What is countsplit?

The countsplit R package splits an integer-valued matrix into a training matrix and a test matrix using binomial thinning. Under a Poisson assumption, the training and test matrices are independent.

The motivation for this method is described in Neufeld et al., 2022 (link to paper) in the context of inference after latent variable estimation for single cell RNA sequencing data. Briefly, count splitting allows users to perform differential expression analysis to see which genes vary across estimated cell types (such as those obtained via clustering) or along an estimated cellular trajectory (pseudotime).

We have improved the ability of the package to work with sparse matrices. We have added a negative binomial count splitting function, but the tutorials for this function are still a work in progress.

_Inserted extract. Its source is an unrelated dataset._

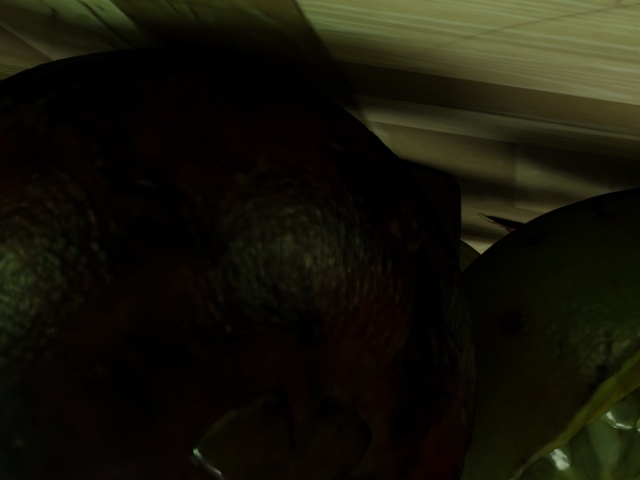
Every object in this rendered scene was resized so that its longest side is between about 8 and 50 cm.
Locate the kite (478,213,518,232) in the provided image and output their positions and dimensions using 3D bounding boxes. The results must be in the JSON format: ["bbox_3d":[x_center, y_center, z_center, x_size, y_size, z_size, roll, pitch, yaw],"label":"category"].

This function implements the decomposition of the negative binomial described in Neufeld et al., 2022 (link to preprint).

The vignettes and data associated with this package are stored in the associated countsplit.tutorials” package. To see the tutorials, please visit the updated tutorial website: https://anna-neufeld.github.io/countsplit.tutorials/. This change helps with overall package size and build time.

How can I get countsplit?

Make sure that remotes is installed by running install.packages("remotes"), then type

remotes::install_github("anna-neufeld/countsplit")

To also download the data needed to reproduce the package vignettes, be sure to also install the countsplit.tutorials” package.

remotes::install_github("anna-neufeld/countsplit.tutorials").